Interactions of the espin 3 isoforms with actin. A, Sedimentation actin-bundling assay. The bundling of actin filaments by espin 3B (triangles, red) shows a concentration dependence similar to that for espin 2B (circles, blue) and is not changed significantly when 20 μm CaCl₂ (square, black) is substituted for 1 mm EGTA in the assay. B, Microvillar PAB elongation assay. GFP-espin 3B (green) is efficiently targeted to microvilli in differentiated LLC-PK1-CL4cells and causes the microvilli and their PABs to grow dramatically longer than those in neighboring control cells. The microvillar PABs are visualized by labeling for F-actin with Texas Red-phalloidin (red). Note colocalization (yellow) of GFP-espin 3B and F-actin in the long microvilli. Scale bar, 10 μm. C, Pull-down assay for binding actin monomer by espin 3 isoforms with (+) or without (-) the WH2 domain. Beads loaded with GST-conjugates of espin 3A (GST-3A) and espin 3B (GST-3B) bind G-actin, and the binding is reduced dramatically by deletion of the WH2 domain (duplicate samples are shown). GST, Control beads loaded with GST alone. D, E, Pyrene-actin polymerization assay. A.U., Arbitrary units. Molar ratios of designated espin isoform to actin monomer are shown at right. Black curves indicate actin alone. D, Espin 3B (red curves) inhibits the polymerization of pyrene-actin in a concentration-dependent manner. E, Espin 2B (blue curves) does not inhibit actin polymerization but causes a modest, concentration-dependent stimulation at high molar ratios. The inhibitory effect observed with espin 3A at a molar ratio of 0.7 (0.7^*) is shown for comparison (red curve). F, Calculated relative nucleation rates for different molar ratios of espin 3B (triangles, red), espin 2B (circles, blue), and espin 4 (square, red). Note that espin 3B and espin 4 inhibit nucleation, but espin 2B does not.

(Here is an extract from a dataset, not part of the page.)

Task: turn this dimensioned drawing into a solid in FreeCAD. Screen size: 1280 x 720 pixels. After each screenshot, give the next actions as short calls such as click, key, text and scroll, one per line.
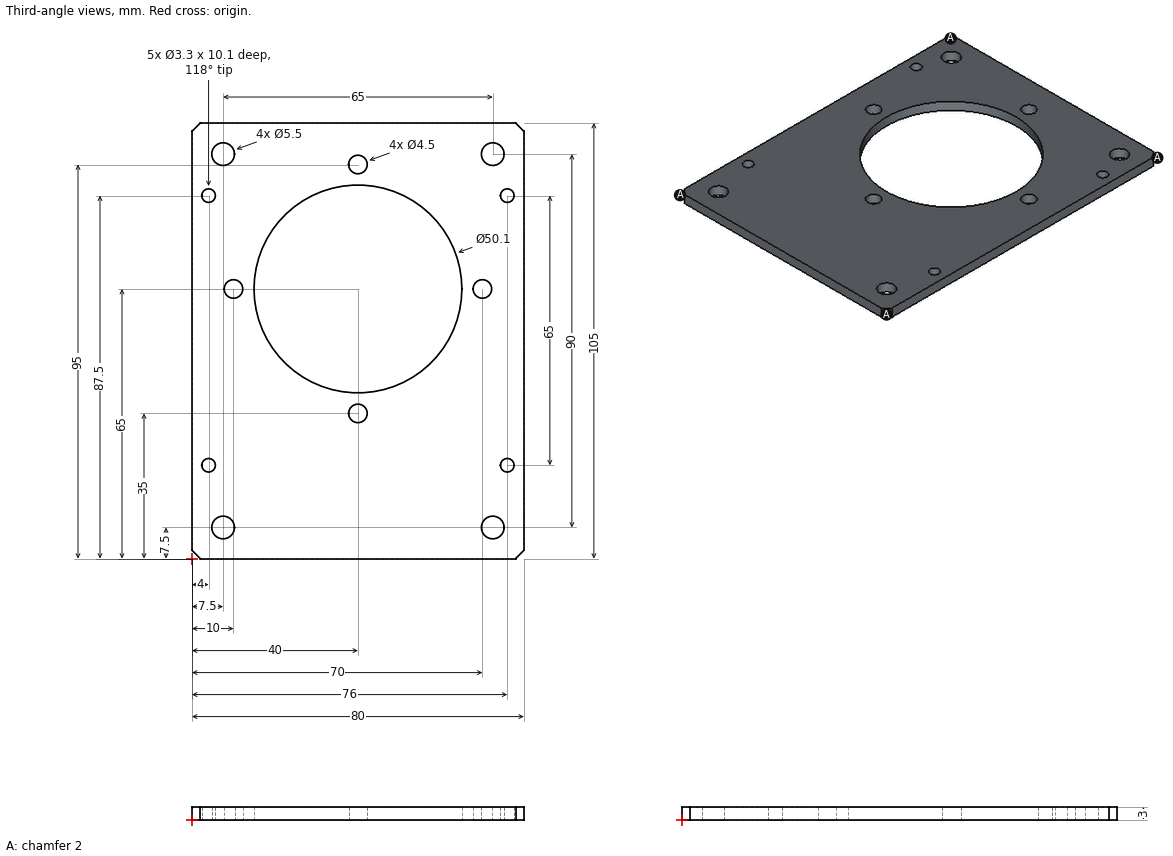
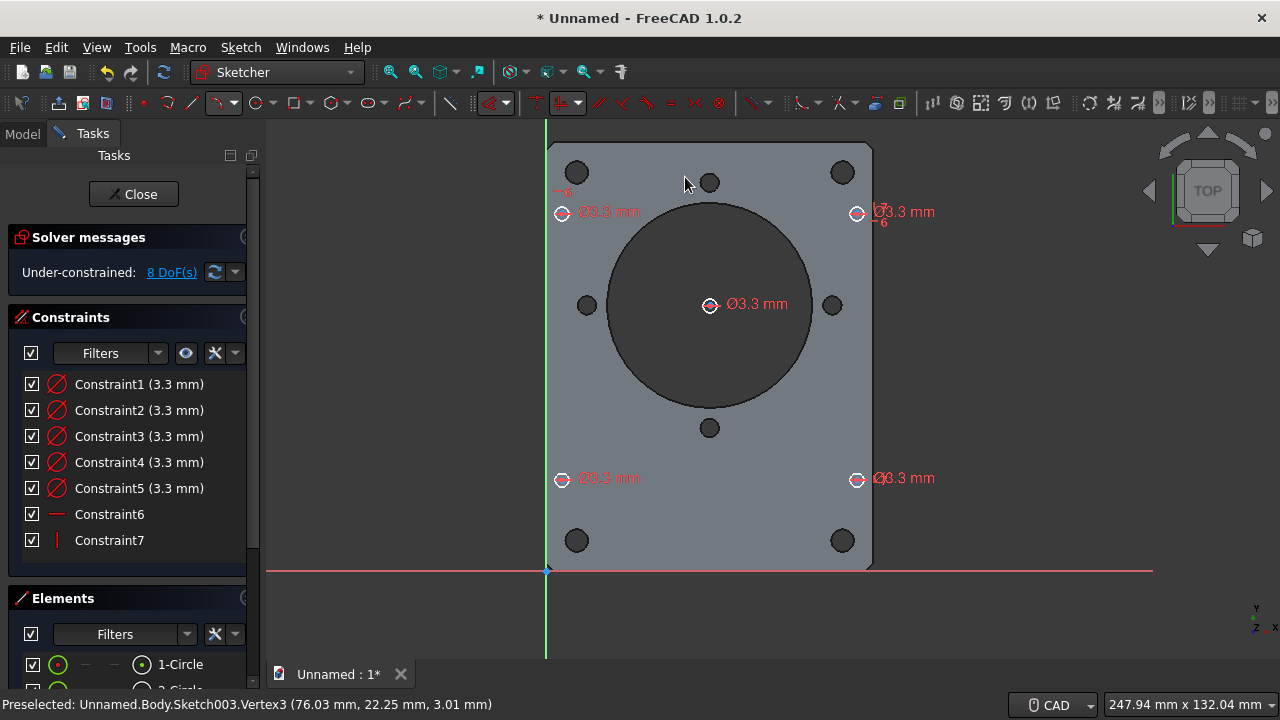
click(562, 214)

Interactions of the espin 3 isoforms with ligands for proline-rich peptides. A, Pull-down assay for binding the designated espin isoform to beads loaded with GST-IRSp53 SH3 domain or control beads loaded with GST. Fifty percent of the espin isoform added to the assay is shown in the left panel. Espin 2B binds to the IRSp53 SH3 domain beads, but espin 3A and espin 3B do not. B, Pull-down assay for binding the designated espin 3 isoform, with (+) or without (-) the eight consecutive proline residues (P₈) in their single proline-rich peptide, to beads loaded with GST-profilin IIa, GST-profilin I, or GST. Fifty percent of the espin isoform added to the assay is shown in the left panel. The espin 3 isoforms bind better to profilin IIa than profilin I, and the binding is reduced dramatically after deletion of the eight prolines.